それができない場合、組織は現場の判断に寄り添ったと考えることができます。そうなった場合、「そもそも組織が差別を是とした」話になるので、それこそ「ダメな組織だから、中の人間がダメな行動を起こした」という単純な構図になります。
というわけで、この手の問題は会社が早急にアクション、特に立場を表明することが重要じゃないかな?と思います。
かつての中国反日デモ問題で、ユニクロとアウディの中国現地従業員が反日行動を起こしたのを覚えていますでしょうか?
ユニクロは、「こういうことは会社として不適切」と認めました。アウディは「会社は政治に関わらない」と表明しました。

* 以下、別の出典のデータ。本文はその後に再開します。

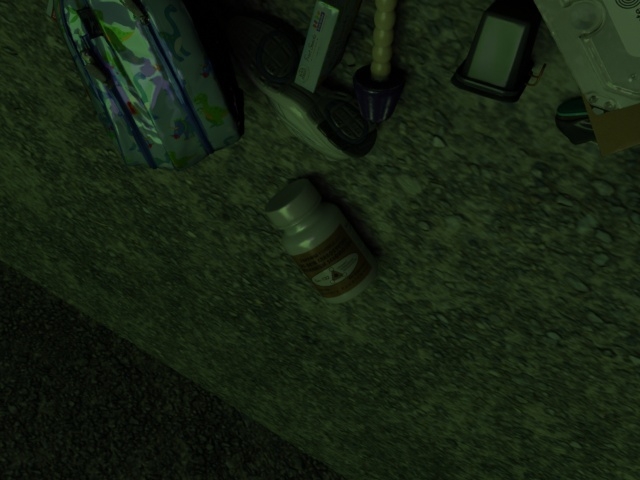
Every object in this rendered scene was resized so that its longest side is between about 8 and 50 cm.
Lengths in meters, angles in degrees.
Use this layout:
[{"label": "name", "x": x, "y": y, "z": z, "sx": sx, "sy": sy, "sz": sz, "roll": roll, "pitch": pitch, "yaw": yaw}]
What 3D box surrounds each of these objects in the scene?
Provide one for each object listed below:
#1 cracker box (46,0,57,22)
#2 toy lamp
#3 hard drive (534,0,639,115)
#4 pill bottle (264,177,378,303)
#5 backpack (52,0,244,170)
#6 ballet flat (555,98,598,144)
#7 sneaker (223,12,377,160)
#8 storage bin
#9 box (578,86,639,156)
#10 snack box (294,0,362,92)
[{"label": "cracker box", "x": -0.359, "y": -0.385, "z": 1.054, "sx": 0.232, "sy": 0.067, "sz": 0.156, "roll": 41, "pitch": 142, "yaw": -10}, {"label": "toy lamp", "x": 0.084, "y": -0.287, "z": 0.816, "sx": 0.080, "sy": 0.080, "sz": 0.274, "roll": 19, "pitch": 139, "yaw": 20}, {"label": "hard drive", "x": 0.362, "y": -0.264, "z": 0.520, "sx": 0.339, "sy": 0.064, "sz": 0.236, "roll": -12, "pitch": 123, "yaw": 48}, {"label": "pill bottle", "x": 0.000, "y": 0.000, "z": 1.147, "sx": 0.131, "sy": 0.131, "sz": 0.229, "roll": -13, "pitch": 122, "yaw": 45}, {"label": "backpack", "x": -0.246, "y": -0.280, "z": 0.874, "sx": 0.355, "sy": 0.273, "sz": 0.290, "roll": 52, "pitch": 178, "yaw": -25}, {"label": "ballet flat", "x": 0.395, "y": -0.151, "z": 0.735, "sx": 0.203, "sy": 0.074, "sz": 0.074, "roll": 0, "pitch": 131, "yaw": 46}, {"label": "sneaker", "x": -0.048, "y": -0.231, "z": 0.959, "sx": 0.297, "sy": 0.111, "sz": 0.129, "roll": 47, "pitch": 158, "yaw": -7}, {"label": "storage bin", "x": 0.228, "y": -0.237, "z": 0.723, "sx": 0.098, "sy": 0.135, "sz": 0.091, "roll": 23, "pitch": 132, "yaw": 16}, {"label": "box", "x": 0.385, "y": -0.201, "z": 0.657, "sx": 0.201, "sy": 0.021, "sz": 0.164, "roll": -21, "pitch": 85, "yaw": 47}, {"label": "snack box", "x": 0.014, "y": -0.293, "z": 0.843, "sx": 0.037, "sy": 0.100, "sz": 0.141, "roll": 31, "pitch": 143, "yaw": 6}]
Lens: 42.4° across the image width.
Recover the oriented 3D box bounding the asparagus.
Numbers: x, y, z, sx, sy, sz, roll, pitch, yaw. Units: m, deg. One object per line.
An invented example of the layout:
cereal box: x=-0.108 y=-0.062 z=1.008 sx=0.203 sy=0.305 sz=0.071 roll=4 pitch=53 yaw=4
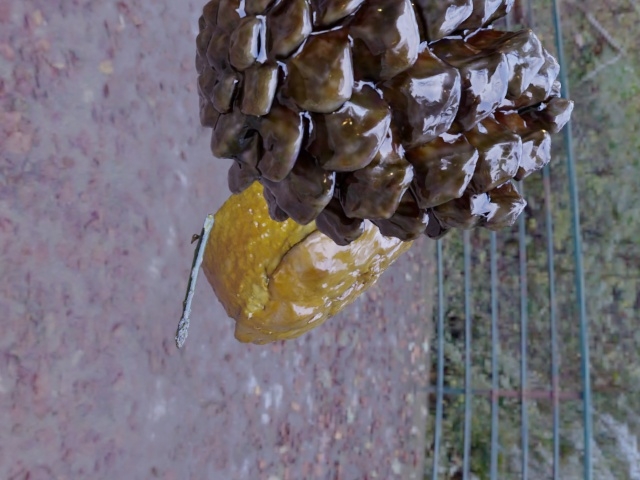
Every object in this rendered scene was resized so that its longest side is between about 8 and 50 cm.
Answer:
asparagus: x=-0.139 y=0.041 z=0.908 sx=0.013 sy=0.016 sz=0.166 roll=62 pitch=34 yaw=-57

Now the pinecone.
pinecone: x=0.033 y=-0.091 z=0.452 sx=0.179 sy=0.204 sz=0.184 roll=-94 pitch=-158 yaw=-52

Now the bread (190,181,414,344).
bread: x=0.000 y=0.000 z=1.302 sx=0.215 sy=0.398 sz=0.398 roll=48 pitch=25 yaw=13
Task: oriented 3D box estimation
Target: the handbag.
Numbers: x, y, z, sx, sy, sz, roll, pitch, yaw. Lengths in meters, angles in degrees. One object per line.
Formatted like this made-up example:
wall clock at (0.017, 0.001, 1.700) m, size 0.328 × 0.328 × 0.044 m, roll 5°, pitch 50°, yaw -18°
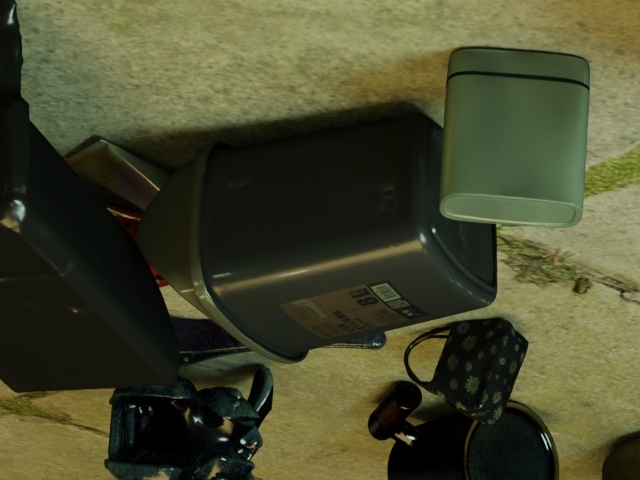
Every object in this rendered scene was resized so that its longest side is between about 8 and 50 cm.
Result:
handbag at (0.158, 0.141, 1.882) m, size 0.139 × 0.115 × 0.072 m, roll 12°, pitch 164°, yaw 35°

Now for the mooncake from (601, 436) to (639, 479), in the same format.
mooncake at (0.563, 0.409, 2.215) m, size 0.393 × 0.246 × 0.394 m, roll 11°, pitch 154°, yaw 4°

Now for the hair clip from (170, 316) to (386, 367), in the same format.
hair clip at (-0.060, 0.120, 1.942) m, size 0.275 × 0.048 × 0.083 m, roll -1°, pitch 152°, yaw 15°

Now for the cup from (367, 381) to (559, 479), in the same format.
cup at (0.181, 0.270, 2.159) m, size 0.166 × 0.239 × 0.177 m, roll -29°, pitch -173°, yaw -36°

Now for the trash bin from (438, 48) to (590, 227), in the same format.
trash bin at (0.155, -0.082, 1.308) m, size 0.116 × 0.130 × 0.059 m, roll 4°, pitch 158°, yaw 4°

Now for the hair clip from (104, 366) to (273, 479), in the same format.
hair clip at (-0.167, 0.253, 2.063) m, size 0.206 × 0.195 × 0.310 m, roll 3°, pitch 173°, yaw -7°

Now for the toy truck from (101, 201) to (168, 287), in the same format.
toy truck at (-0.253, 0.008, 1.644) m, size 0.252 × 0.114 × 0.107 m, roll 18°, pitch 153°, yaw -23°

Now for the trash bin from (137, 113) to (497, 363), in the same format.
trash bin at (0.000, 0.000, 1.489) m, size 0.290 × 0.182 × 0.209 m, roll -12°, pitch 150°, yaw 25°

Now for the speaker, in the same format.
speaker at (-0.260, -0.022, 1.435) m, size 0.180 × 0.184 × 0.388 m, roll -4°, pitch 149°, yaw 17°

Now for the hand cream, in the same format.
hand cream at (-0.159, -0.048, 1.591) m, size 0.174 × 0.047 × 0.076 m, roll 30°, pitch 150°, yaw -27°
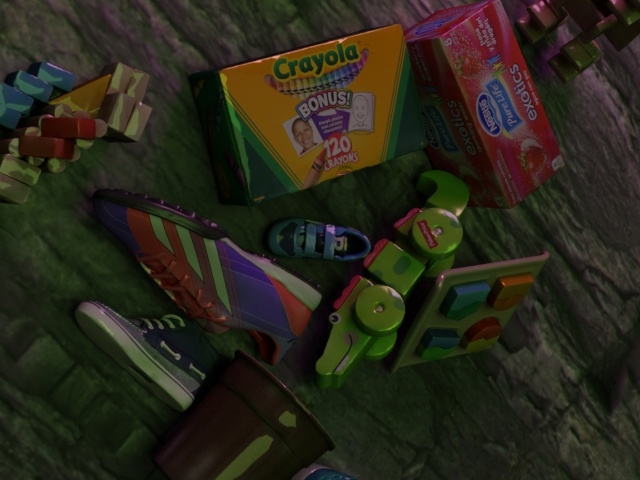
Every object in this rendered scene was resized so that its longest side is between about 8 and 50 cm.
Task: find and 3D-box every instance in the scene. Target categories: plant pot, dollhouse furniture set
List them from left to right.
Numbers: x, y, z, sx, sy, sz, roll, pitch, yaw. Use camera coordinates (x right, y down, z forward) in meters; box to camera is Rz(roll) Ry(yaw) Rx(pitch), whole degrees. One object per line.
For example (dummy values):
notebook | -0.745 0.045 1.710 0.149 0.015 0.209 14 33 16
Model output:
plant pot | -0.097 0.245 1.267 0.165 0.167 0.167 -45 115 -15
dollhouse furniture set | 0.376 -0.386 1.502 0.161 0.212 0.242 -34 84 -25

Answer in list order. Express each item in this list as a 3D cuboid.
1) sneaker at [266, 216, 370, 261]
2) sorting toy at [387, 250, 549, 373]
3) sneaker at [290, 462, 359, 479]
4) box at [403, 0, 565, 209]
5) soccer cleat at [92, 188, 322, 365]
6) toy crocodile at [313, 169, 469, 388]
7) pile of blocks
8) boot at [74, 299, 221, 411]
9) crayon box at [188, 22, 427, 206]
sneaker | 0.000 0.000 1.367 0.144 0.059 0.053 3 93 -32
sorting toy | 0.204 0.102 1.453 0.208 0.038 0.193 -12 141 -34
sneaker | 0.091 0.415 1.380 0.124 0.178 0.295 -46 116 -22
box | 0.207 -0.179 1.448 0.123 0.128 0.256 -36 112 -26
soccer cleat | -0.139 0.042 1.256 0.318 0.109 0.116 31 81 -33
toy crocodile | 0.092 0.049 1.402 0.105 0.115 0.340 34 73 13
pile of blocks | -0.326 -0.108 1.117 0.362 0.113 0.149 -37 112 -26
boot | -0.199 0.111 1.248 0.190 0.069 0.086 51 60 -33
crayon box | -0.010 -0.159 1.337 0.278 0.081 0.165 -21 104 -30
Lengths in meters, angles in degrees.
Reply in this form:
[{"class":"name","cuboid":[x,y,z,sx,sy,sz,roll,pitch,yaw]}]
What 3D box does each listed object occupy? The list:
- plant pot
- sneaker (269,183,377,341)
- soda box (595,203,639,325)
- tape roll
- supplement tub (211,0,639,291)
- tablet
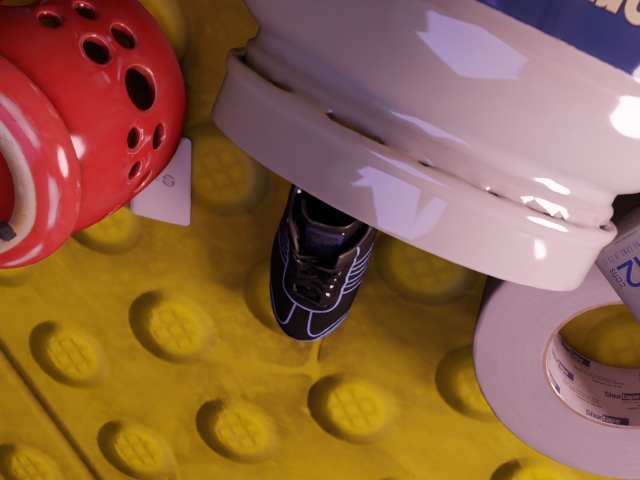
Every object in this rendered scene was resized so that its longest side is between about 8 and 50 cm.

前者の表明はとても良い表明です。現場の不適切な判断を切り捨て、トップはマトモであることの証明でした。
一方、後者の表明は(おそらく意図としてはアウディとしてこういう表明をすることはない、ということだったのでしょうが)「現場がやったことを良いとも悪いとも認めない」という意図に受け取れるものです。既にそこに政治がある以上、アウディがこの手のホロコースト宣言を否定するのはストレートに政治です。政治に関わらないということは、ホロコースト宣言を否定しないということになります。
結論として、生まれたコラがこちら。
このエピソードからも、迅速かつ適切な表明の大切さが分かります。
*1:そもそも現場の人間に致命的な素養の欠陥があると、十分な教育がなされていてもこの手の話は止められないので、その場合は責任は「現場の判断を切り捨てる」行動までで果たせるのかな?